The Kind of Person You Can Talk to about Spiritual Things
For a recent tribute to Dallas Willard, I was asked to focus on how he acted as an informal spiritual director to people. Why were so many of us able to talk with him so easily about the primary topic in spiritual direction: how they’ve been interacting with God lately or not?
For example, Dallas did this with me the first time I met him. After one of his talks, I was thanking him for writing The Spirit of the Disciplines. In my earnestness to be authentic, I spoke of not trying to ingratiate myself to him. Then he made a ridiculous suggestion, saying, “Why don’t you try not affirming anyone for a while, and see what happens?” I knew this had to be wrong because encouraging people is a good thing, so I dismissed the suggestion.

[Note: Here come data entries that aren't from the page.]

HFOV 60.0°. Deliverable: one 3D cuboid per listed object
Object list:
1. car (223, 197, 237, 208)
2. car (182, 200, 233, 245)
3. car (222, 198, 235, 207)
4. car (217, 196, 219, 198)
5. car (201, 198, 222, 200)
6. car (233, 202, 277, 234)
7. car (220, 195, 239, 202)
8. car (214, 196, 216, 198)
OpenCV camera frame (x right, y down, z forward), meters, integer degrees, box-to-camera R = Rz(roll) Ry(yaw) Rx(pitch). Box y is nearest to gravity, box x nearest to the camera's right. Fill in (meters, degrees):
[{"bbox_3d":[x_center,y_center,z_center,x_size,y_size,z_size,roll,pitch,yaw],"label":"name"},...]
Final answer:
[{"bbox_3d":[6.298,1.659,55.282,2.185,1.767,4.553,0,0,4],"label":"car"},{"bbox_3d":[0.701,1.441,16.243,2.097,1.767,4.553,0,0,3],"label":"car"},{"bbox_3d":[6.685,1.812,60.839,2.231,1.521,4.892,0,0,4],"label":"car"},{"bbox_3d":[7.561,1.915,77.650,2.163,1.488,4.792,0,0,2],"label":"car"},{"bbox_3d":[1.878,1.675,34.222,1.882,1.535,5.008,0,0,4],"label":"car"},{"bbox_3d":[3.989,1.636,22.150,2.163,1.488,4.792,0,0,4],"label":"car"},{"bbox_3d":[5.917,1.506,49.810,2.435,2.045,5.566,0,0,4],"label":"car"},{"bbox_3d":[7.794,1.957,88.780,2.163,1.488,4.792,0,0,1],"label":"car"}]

But as time passed, I found that each time I started to encourage someone, I listened to my motives, wondering: Is God leading me to do this? Or am I trying to get people to like me? Or look up to me? Sometimes I was truly selfless, but other times (ugh!) I secretly wanted to be loved and admired. Dallas’s suggestion became one of many steps that helped me move away from impression management.
Here are a few things Dallas knew and embodied that made people willing to talk to him about their life with God.
1) An Interactive Life with God. He understood that “knowledge” in biblical language is never mere acquisition of facts; it’s always an interactive relationship. In fact, Dallas went so far as to question someone’s knowledge of God if they did not love: “If you are not reconciled to living in love as the center of your life and actually living that way, any knowledge you may have of Christ will be shallow and shaky at best.”
So if I, as a Bible teacher, am not living with love as the center of my life, I don’t truly haveknowledge of God. I learned from Dallas that all tasks are to be done with love: sending and receiving emails, grading papers, washing dishes.
Dallas himself blended academic knowledge and experiential knowledge and did not consider Scripture study and meditation as separate disciplines, but as “meditative study.” He said: “You come to the Word and say, Let it speak to me, even if it contradicts anything I believe. You read a text with openness, repentance, and humility.”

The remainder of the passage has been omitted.